The first step MAHA takes is emphasizing the availability of age-appropriate equipment in all promotional materials and advertising. While it may seem like a piece, knowing there is high quality equipment their child can use to try the game can be the deciding factor for parents who didn’t play hockey themselves. Plus, it ensures all players have a safer and better overall experience once they hit the ice.

“Players are equipped and sized before they go on the ice,” said Rader. “We want to make sure they’re in something safe and we’re pretty serious about the kids having a HECC (Hockey Equipment Certification Council) certified helmet.

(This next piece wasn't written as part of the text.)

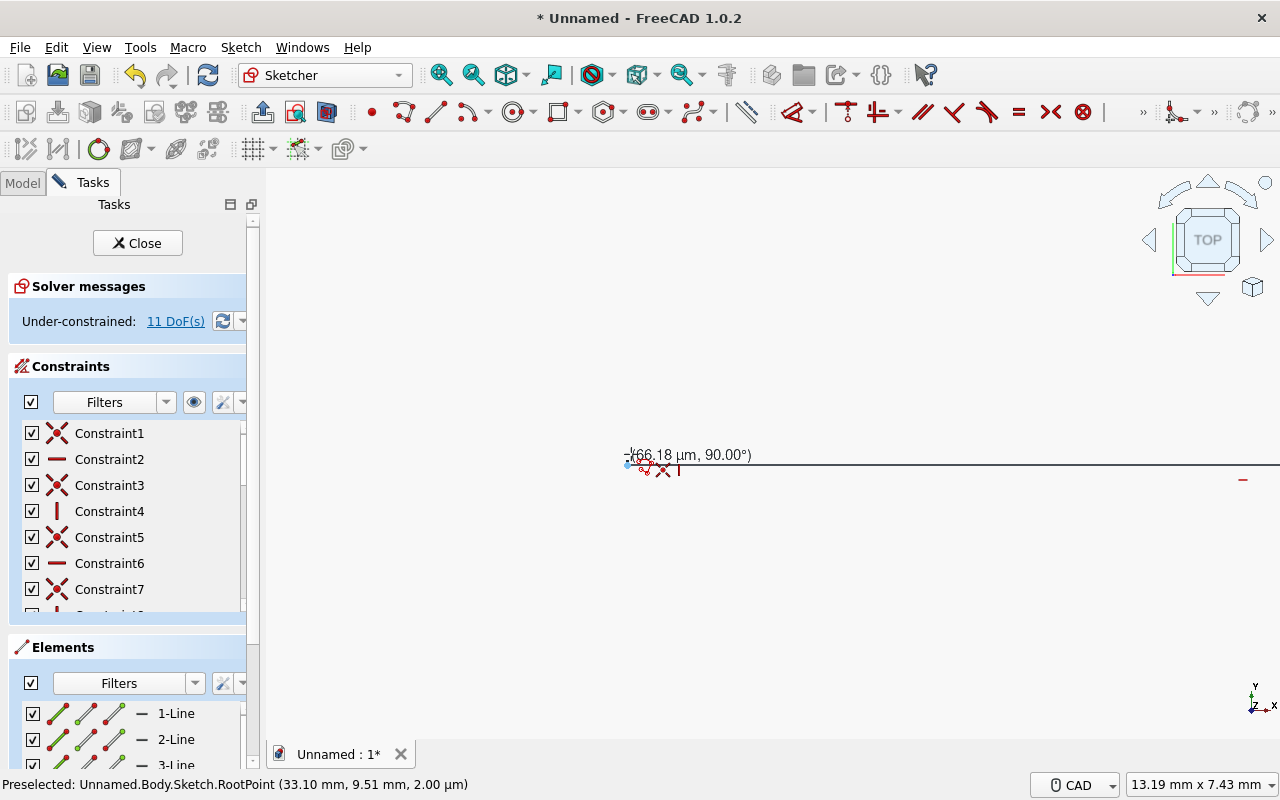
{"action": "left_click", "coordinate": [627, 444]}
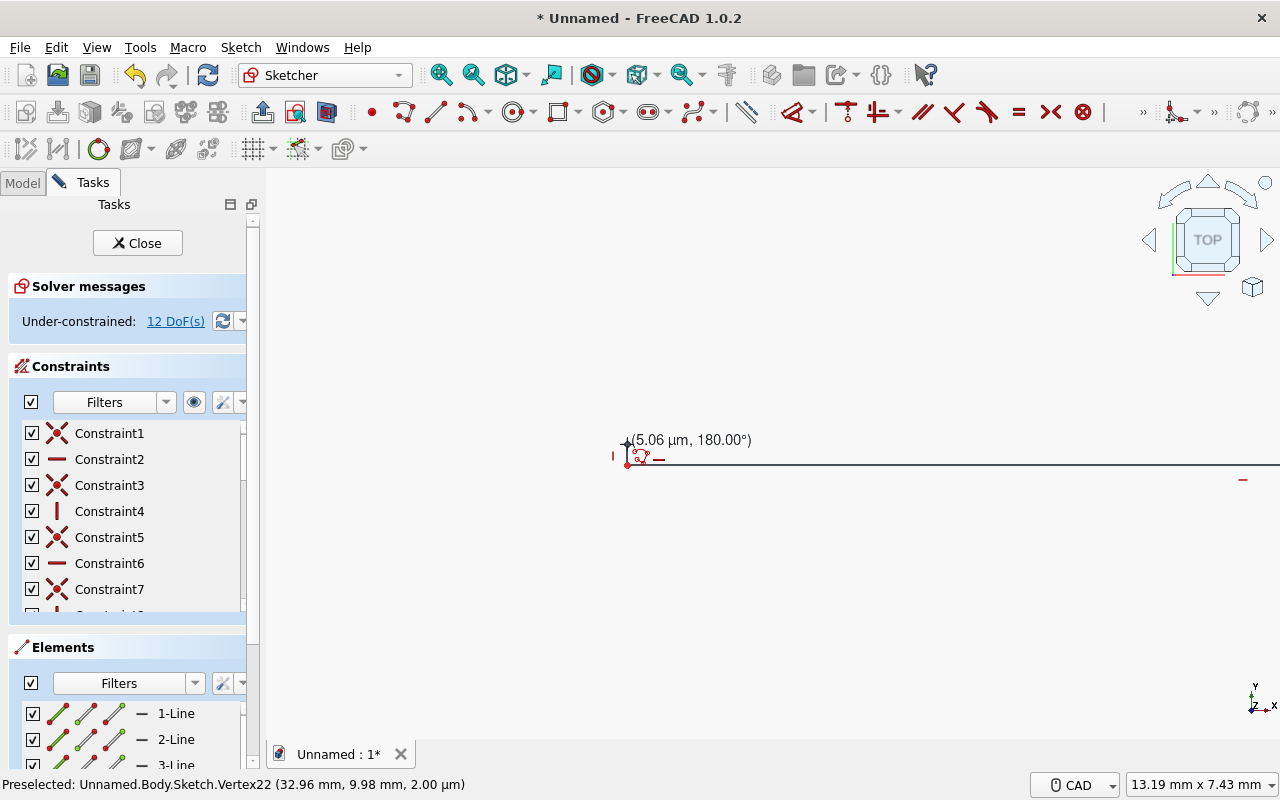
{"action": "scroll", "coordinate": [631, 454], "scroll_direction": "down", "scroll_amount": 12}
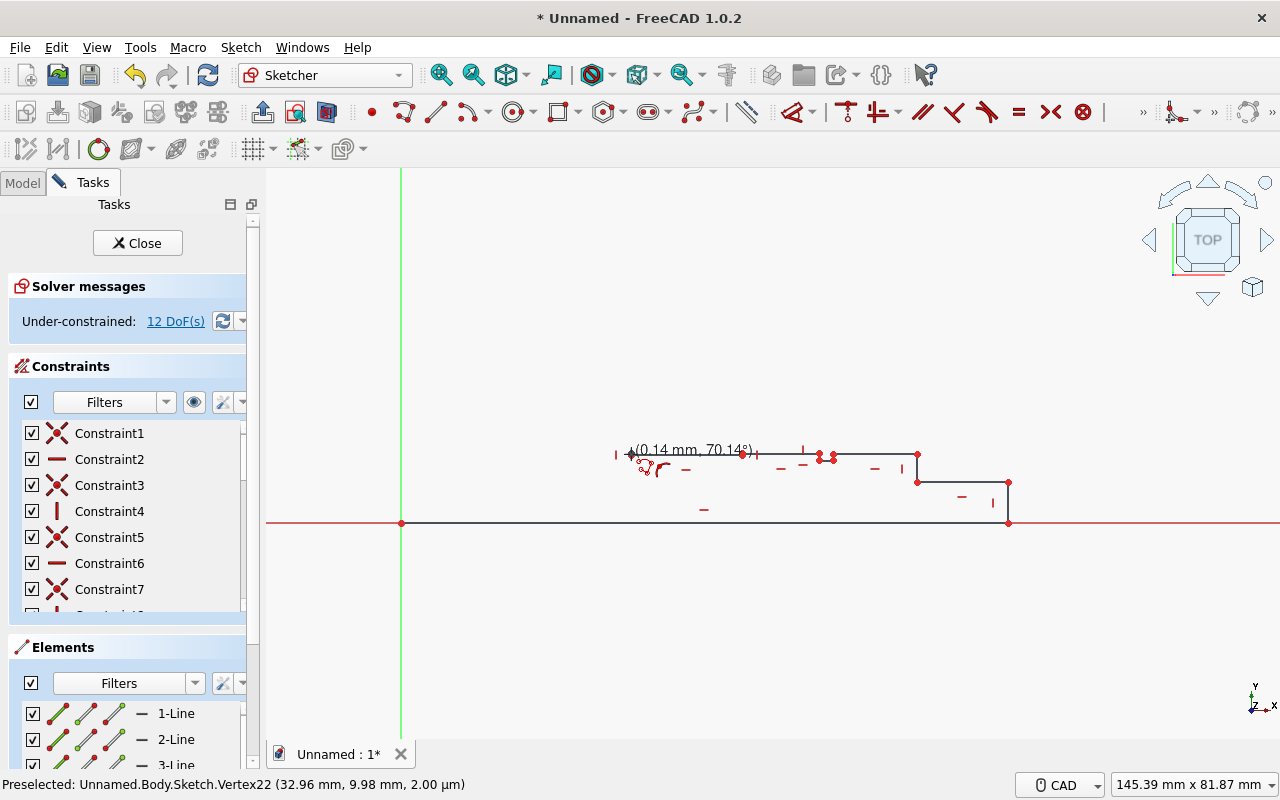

Gear Up Minnesota! really helps with that.”

Then, once kids have had a chance to feel for themselves the joy of playing hockey, MAHA utilizes the equipment as an incentive to transition the player into their association.

“If a player registers with USA Hockey and us that day, we fill out an equipment rental form for them without having to pay the fee,” said Rader.

When parents see their children’s smiling faces and learn that hockey isn’t as expensive as they expected, the incentive draws them into action and another family joins the Mankato hockey community.

“The big misnomer we’re trying to fight is that hockey is expensive,” said Rader. “Around here, with the equipment rentals we’re able to provide, kids can play hockey for less than travel baseball.”

A Community Effort

In addition to the equipment, MAHA also does its best to incorporate the broader Mankato community in their try hockey events. The local high school programs and Minnesota State University (MSU) teams are key supporters and participants.

This fall MAHA specifically scheduled its try hockey date so the MSU Women’s Hockey team would have to time to return from a road trip to the University of North Dakota. The Mavericks rewarded the association with 20 of 24 players and the university’s mascot, Stomper, attending the event and helping young players on the ice.

“It definitely helps when you get the support of a Division I team,” said Rader.  “They’re asking, ‘What can we do, how can we help?’”

Rader hopes the impact of the Gear Up Minnesota! equipment, the growth of their program and the cohesiveness among all the hockey organizations in Mankato helps MAHA attain their goal of adding additional ice sheets in the community:

“We have a major ice shortage here in Mankato. The ability to outfit kids, get them in our program and show the community the growth in hockey and everything we do to make it accessible is a big part of our effort.”

Perhaps, the most exciting part is that once more ice becomes available MAHA might be ready to take their growth to an entirely new level.

 “We haven’t run into a scenario where we couldn’t outfit a kid,” concluded Rader.